STEP 1 — LIST ALL GIVEN CLUES AND SORT THEM
Before placing a single number, write down every given clue in ascending order. The path visits every cell exactly once, so the sequence must be consecutive from 1 to the total cell count. Each pair of adjacent clues defines a gap: the clue values tell you how many missing numbers sit between them.
STEP 2 — FIND GAP-1 SEGMENTS (ADJACENT CLUES)
A gap of 1 means two consecutive clues must occupy neighbouring cells. Check whether the two clue cells are already adjacent — if so, that segment is trivially closed. If they are not adjacent, the path between them is forced through any shared neighbours. Mark those cells immediately.
Gap-0 is impossible: two clues with the same value mean the puzzle has no solution (check your read). Gap-1 between non-adjacent cells with no common neighbour is also impossible — useful for ruling out placement errors.
STEP 3 — EXPLOIT LOW-NEIGHBOUR EDGE CELLS
Interior hexes have six neighbours; edge hexes have four or fewer; corner hexes have two or three. Any clue on a corner cell has a very small route set — trace those first. If a clue's position limits the next or previous step to a single available hex, that step is forced.
A hex with only one unvisited neighbour that the path must pass through is a dead-end forcing: the path must enter and exit through that bottleneck.
STEP 4 — TRACE SHARED NEIGHBOURHOODS BETWEEN CLUES
Pick any two clues that are 2 or 3 apart in value. List the neighbours of each. If the path between them must pass through cells that are common neighbours of both clues, those intermediate cells are forced regardless of which route you take. Place them.
This is especially powerful when one clue has few free neighbours: the overlap between a constrained clue and its nearest partner is almost always a forced segment.
STEP 5 — USE CONNECTIVITY AS A FILTER
The path visits every cell exactly once and must remain connected.
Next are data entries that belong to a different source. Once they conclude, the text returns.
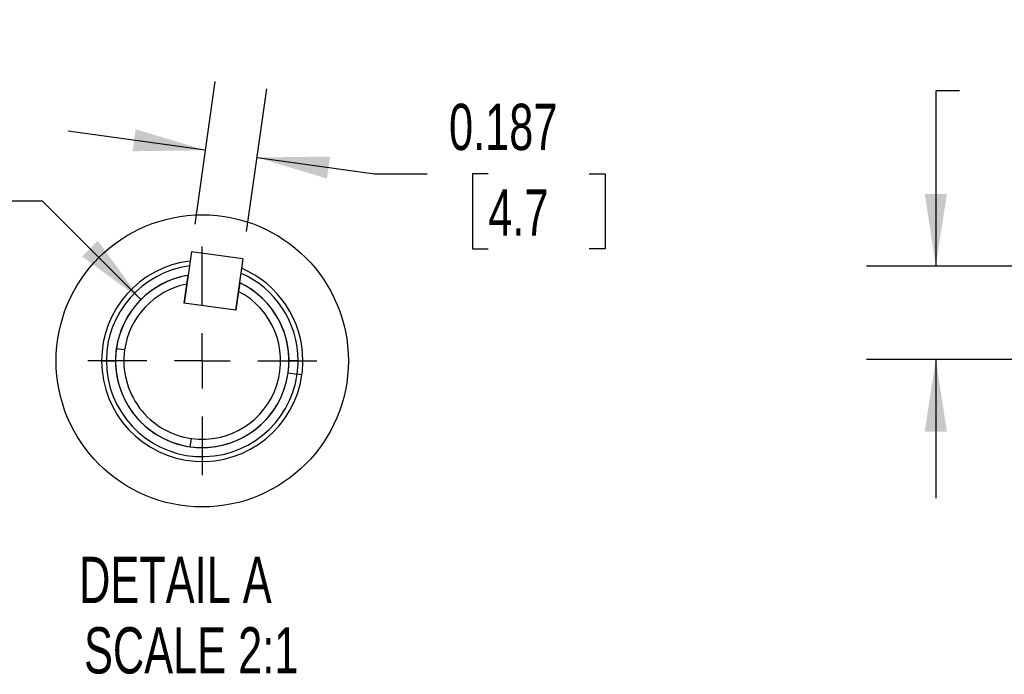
# Model space of a CAD drawing. Header units: inches. Extents: x 0 to 44, y 0 to 34.
# Tile 17 of 26: x 23 to 30, y 14.8 to 19.5. Entities that reach past the tile are written whole.
import ezdxf

# ---------------------------------------------------------------- set-up
doc = ezdxf.new("R2010")
doc.units = ezdxf.units.IN
doc.header["$LTSCALE"] = 4
doc.header["$MEASUREMENT"] = 0
doc.linetypes.add('CENTERX2', pattern=[0.8, 0.5, -0.1, 0.1, -0.1])
doc.layers.add('CENTER', color=40, linetype='CENTERX2')
doc.layers.add('SLD-DEFPOINTS', color=7, linetype='Continuous')
doc.layers.add('DIMENSIONS', color=140, linetype='Continuous', lineweight=25)
doc.layers.add('TEXT', color=140, linetype='Continuous', lineweight=25)
doc.styles.add('SLDTEXTSTYLE0', font='TXT', dxfattribs={"width": 0.7})
doc.dimstyles.new('SLDDIMSTYLE2', dxfattribs={"dimtxt": 0.339844, "dimasz": 0.52, "dimexe": 0, "dimexo": 0.0625, "dimgap": 0.084961, "dimtad": 0, "dimtih": 1, "dimtoh": 1, "dimrnd": 1e-09, "dimdsep": 46, "dimtxsty": 'SLDTEXTSTYLE0', "dimsah": 1, "dimcen": 0.09, "dimadec": 0, "dimazin": 2, "dimtfac": 1, "dimtmove": 0, "dimatfit": 0, "dimfxl": 0, "dimfrac": 2, "dimtolj": 1, "dimtzin": 12, "dimarcsym": 0})
doc.dimstyles.new('SLDDIMSTYLE8', dxfattribs={"dimtxt": 0.339844, "dimasz": 0.52, "dimexe": 0, "dimexo": 0.0625, "dimgap": 0.084961, "dimtad": 0, "dimtih": 1, "dimtoh": 1, "dimdec": 3, "dimlfac": 0.5, "dimrnd": 1e-09, "dimdsep": 46, "dimtxsty": 'SLDTEXTSTYLE0', "dimsah": 1, "dimcen": 0.09, "dimadec": 0, "dimazin": 2, "dimtfac": 1, "dimtdec": 3, "dimtmove": 0, "dimatfit": 0, "dimfxl": 0, "dimfrac": 2, "dimtolj": 1, "dimtzin": 12, "dimarcsym": 0})
doc.dimstyles.new('SLDDIMSTYLE9', dxfattribs={"dimtxt": 0.339844, "dimasz": 0.52, "dimexe": 0, "dimexo": 0.0625, "dimgap": 0.084961, "dimtad": 0, "dimtih": 1, "dimtoh": 1, "dimdec": 3, "dimlfac": 0.5, "dimrnd": 1e-09, "dimdsep": 46, "dimtxsty": 'SLDTEXTSTYLE0', "dimsah": 1, "dimcen": 0, "dimadec": 0, "dimazin": 2, "dimtfac": 1, "dimtdec": 3, "dimtofl": 0, "dimtmove": 0, "dimatfit": 3, "dimfxl": 0, "dimfrac": 2, "dimtolj": 1, "dimtzin": 12, "dimarcsym": 0})

# ---------------------------------------------------------------- blocks, each defined once
blk = doc.blocks.new('_D_3')
at = {"layer": 'DIMENSIONS'}
for p, q in [((29.7256, 19.02), (29.5539, 19.02)), ((29.5539, 19.02), (29.5539, 17.7561)), ((30.338, 19.02), (30.2238, 19.02)), ((30.2238, 19.02), (30.2238, 18.4799)), ((31.3478, 19.02), (31.462, 19.02)), ((31.462, 19.02), (31.462, 18.4799)), ((30.2238, 18.4799), (30.338, 18.4799)), ((31.462, 18.4799), (31.3478, 18.4799)), ((31.623, 17.7561), (29.0539, 17.7561)), ((31.8305, 17.0841), (29.0539, 17.0841)), ((29.5539, 17.0841), (29.5539, 16.0841))]:
    blk.add_line(p, q, dxfattribs=at)
for points in [[(29.5539, 17.7561), (29.6339, 18.2761), (29.4739, 18.2761)], [(29.5539, 17.0841), (29.4739, 16.5641), (29.6339, 16.5641)]]:
    blk.add_solid(points, dxfattribs=at)
at = {"layer": 'DIMENSIONS', "char_height": 0.33333, "attachment_point": 1, "style": 'SLDTEXTSTYLE0'}
for s, insert in [('0.67', (30.338, 19.5258)), ('17.1', (30.338, 18.9096))]:
    blk.add_mtext(s, dxfattribs=dict(at, insert=insert))
blk = doc.blocks.new('_D_25')
at = {"layer": 'DIMENSIONS'}
for p, q in [((24.2198, 18.058), (24.364, 19.0857)), ((24.5901, 18.006), (24.7344, 19.0337)), ((24.2945, 18.5905), (23.3042, 18.7295)), ((24.6649, 18.5385), (25.5101, 18.4199)), ((25.5101, 18.4199), (25.8914, 18.4199)), ((26.3303, 18.4199), (26.2162, 18.4199)), ((26.2162, 18.4199), (26.2162, 17.8798)), ((27.0575, 18.4199), (27.1716, 18.4199)), ((27.1716, 18.4199), (27.1716, 17.8798)), ((26.2162, 17.8798), (26.3303, 17.8798)), ((27.1716, 17.8798), (27.0575, 17.8798))]:
    blk.add_line(p, q, dxfattribs=at)
for points in [[(24.2945, 18.5905), (23.7907, 18.742), (23.7684, 18.5836)], [(24.6649, 18.5385), (25.1687, 18.387), (25.191, 18.5455)]]:
    blk.add_solid(points, dxfattribs=at)
at = {"layer": 'DIMENSIONS', "char_height": 0.33333, "attachment_point": 1, "style": 'SLDTEXTSTYLE0'}
for s, insert in [('0.187', (26.0476, 18.9257)), ('4.7', (26.3303, 18.3095))]:
    blk.add_mtext(s, dxfattribs=dict(at, insert=insert))
blk = doc.blocks.new('_D_26')
at = {"layer": 'DIMENSIONS'}
for p, q in [((21.2862, 18.2246), (21.1721, 18.2246)), ((21.1721, 18.2246), (21.1721, 17.6845)), ((22.2961, 18.2246), (22.4102, 18.2246)), ((22.4102, 18.2246), (22.4102, 17.6845)), ((23.1189, 18.2246), (22.694, 18.2246)), ((23.8286, 17.5149), (23.1189, 18.2246)), ((21.1721, 17.6845), (21.2862, 17.6845)), ((22.4102, 17.6845), (22.2961, 17.6845))]:
    blk.add_line(p, q, dxfattribs=at)
blk.add_solid([(23.8286, 17.5149), (23.5174, 17.9391), (23.4043, 17.826)], dxfattribs=at)
at = {"layer": 'DIMENSIONS', "char_height": 0.33333, "attachment_point": 1, "style": 'SLDTEXTSTYLE0'}
for s, insert in [('%%c', (20.8883, 18.7304)), ('0.625', (21.4014, 18.7304)), ('15.9', (21.2862, 18.1141))]:
    blk.add_mtext(s, dxfattribs=dict(at, insert=insert))
blk = doc.blocks.new('SW_CENTERMARKSYMBOL_18')
at = {"layer": 'CENTER', "color": 0}
for p, q in [((0, 0.4), (0, 0.8247)), ((0, 0), (0, 0.2)), ((-0.4, 0), (-0.8248, 0)), ((0, 0), (-0.2, 0)), ((0, 0), (0, -0.2)), ((0, 0), (0.2, 0)), ((0.4, 0), (0.8247, 0)), ((0, -0.4), (0, -0.8248))]:
    blk.add_line(p, q, dxfattribs=at)

msp = doc.modelspace()

# ---------------------------------------------------------------- linework, layer by layer
for p, q in [((24.1919, 17.8599), (24.14, 17.4895)), ((24.5623, 17.8079), (24.1919, 17.8599)), ((24.5623, 17.8079), (24.5103, 17.4375)), ((24.166, 17.6891), (24.1572, 17.6264)), ((24.1572, 17.6264), (24.138, 17.4898)), ((24.5403, 17.6365), (24.5315, 17.5739)), ((24.5315, 17.5739), (24.5123, 17.4373)), ((24.5123, 17.4373), (24.138, 17.4898)), ((24.5103, 17.4375), (24.14, 17.4895)), ((23.7111, 17.1516), (23.6517, 17.16)), ((23.5453, 17.073), (23.5798, 17.073)), ((23.5798, 17.073), (23.6453, 17.073)), ((24.9609, 17.0732), (24.8953, 17.0732)), ((24.9609, 17.0732), (24.9953, 17.0732)), ((24.8893, 16.9862), (24.9542, 16.9771)), ((24.9883, 16.9723), (24.9542, 16.9771)), ((24.1835, 16.4544), (24.1918, 16.5138))]:
    msp.add_line(p, q)
for centre, radius, start, end in [((24.2703, 17.0731), 0.725, 96.95672, 180.00938), ((24.2703, 17.0731), 0.6905, 97.72198, 180.0094), ((24.2703, 17.0731), 0.725, 0.00939, 67.06205), ((24.2703, 17.0731), 0.625, 99.80763, 172.00939), ((24.2703, 17.0731), 0.6247, 99.61847, 172.00939), ((24.2703, 17.0731), 0.6905, 0.00938, 66.2968), ((24.2703, 17.0731), 0.5647, 101.56133, 172.00939), ((24.2703, 17.0731), 0.6247, 352.00938, 64.4003), ((24.2703, 17.0731), 0.625, 0.0094, 64.20107), ((24.2703, 17.0731), 0.5647, 262.00939, 62.45744), ((24.2703, 17.0731), 0.625, 172.00932, 180.00938), ((24.2703, 17.0731), 0.6247, 172.00939, 262.00939), ((24.2703, 17.0731), 0.5647, 172.00939, 262.00939), ((24.2703, 17.0731), 0.725, 180.00939, 352.00939), ((24.2703, 17.0731), 0.6905, 180.00939, 352.00939), ((24.2703, 17.0731), 0.625, 180.00939, 352.00939), ((24.2703, 17.0731), 0.625, 352.00932, 0.00938), ((24.2704, 17.0731), 0.6905, 352.00929, 0.00952), ((24.2703, 17.0731), 0.725, 352.0094, 0.00938), ((24.2703, 17.0731), 0.6247, 262.00939, 352.00939)]:
    msp.add_arc(centre, radius, start, end)
at = {"layer": 'SLD-DEFPOINTS'}
msp.add_circle((24.2703, 17.0731), 1.0526, dxfattribs=at)

# ---------------------------------------------------------------- block references
at = {"layer": 'CENTER'}
msp.add_blockref('SW_CENTERMARKSYMBOL_18', (24.2703, 17.0731), dxfattribs=at)

# ---------------------------------------------------------------- texts
at = {"layer": 'TEXT', "linetype": 'CENTERX2', "lineweight": 18, "char_height": 0.33333, "attachment_point": 2, "style": 'SLDTEXTSTYLE0'}
for s, insert in [('DETAIL A', (24.0767, 15.6617)), ('SCALE 2:1', (24.1907, 15.1537))]:
    msp.add_mtext(s, dxfattribs=dict(at, insert=insert))

# ---------------------------------------------------------------- dimensions: what is measured, and where the dimension line sits
at = {"layer": 'DIMENSIONS'}
for base, p1, p2, angle, dimstyle, picture, middle in [((29.5539, 17.0841), (31.823, 17.7561), (32.0305, 17.0841), 90, 'SLDDIMSTYLE2', '_D_3', (29.5539, 19.02)), ((24.6649, 18.5385), (24.1919, 17.8599), (24.5623, 17.8079), 352.00939, 'SLDDIMSTYLE8', '_D_25', (25.5101, 18.4199))]:
    dim = msp.add_linear_dim(base=base, p1=p1, p2=p2, angle=angle, dimstyle=dimstyle, dxfattribs=at)
    dim.commit()
    dim.dimension.update_dxf_attribs({"geometry": picture, "text_midpoint": middle, "dimtype": 160})
dim = msp.add_diameter_dim_2p(p1=(24.7121, 16.6313), p2=(23.8286, 17.5149), dimstyle='SLDDIMSTYLE9', dxfattribs=at)
dim.commit()
dim.dimension.update_dxf_attribs({"geometry": '_D_26', "text_midpoint": (21.7911, 18.2246), "dimtype": 163})

doc.saveas('drawing.dxf')

If a tentative route would cut off a cluster of unvisited cells from the rest of the path, that route is illegal. Use this to eliminate candidate placements even before you can positively force a cell.
After placing a segment, quickly scan for isolated pockets — any group of unvisited cells with fewer entry points than needed to route through them.
SOLVING ORDER
- List clues, compute all gaps.
- Place gap-1 forced segments.
- Trace corner and edge clues (fewest neighbours).
- Apply shared neighbourhood forcing for gaps ≤3.
- Use connectivity to eliminate bad candidates.
- Repeat until solved.
Most beginner puzzles solve in two or three passes through steps 2–4 without ever needing a guess.
BEGINNER TRAP — COUNTING GAPS FROM THE WRONG END
If clue A = 5 and clue B = 9, the gap is 3 (cells 6, 7, 8 sit between them), not 4. Count the cells between the clues, not the difference between the clue values, and not including the clue cells themselves. Miscounting by 1 here misplaces an entire segment.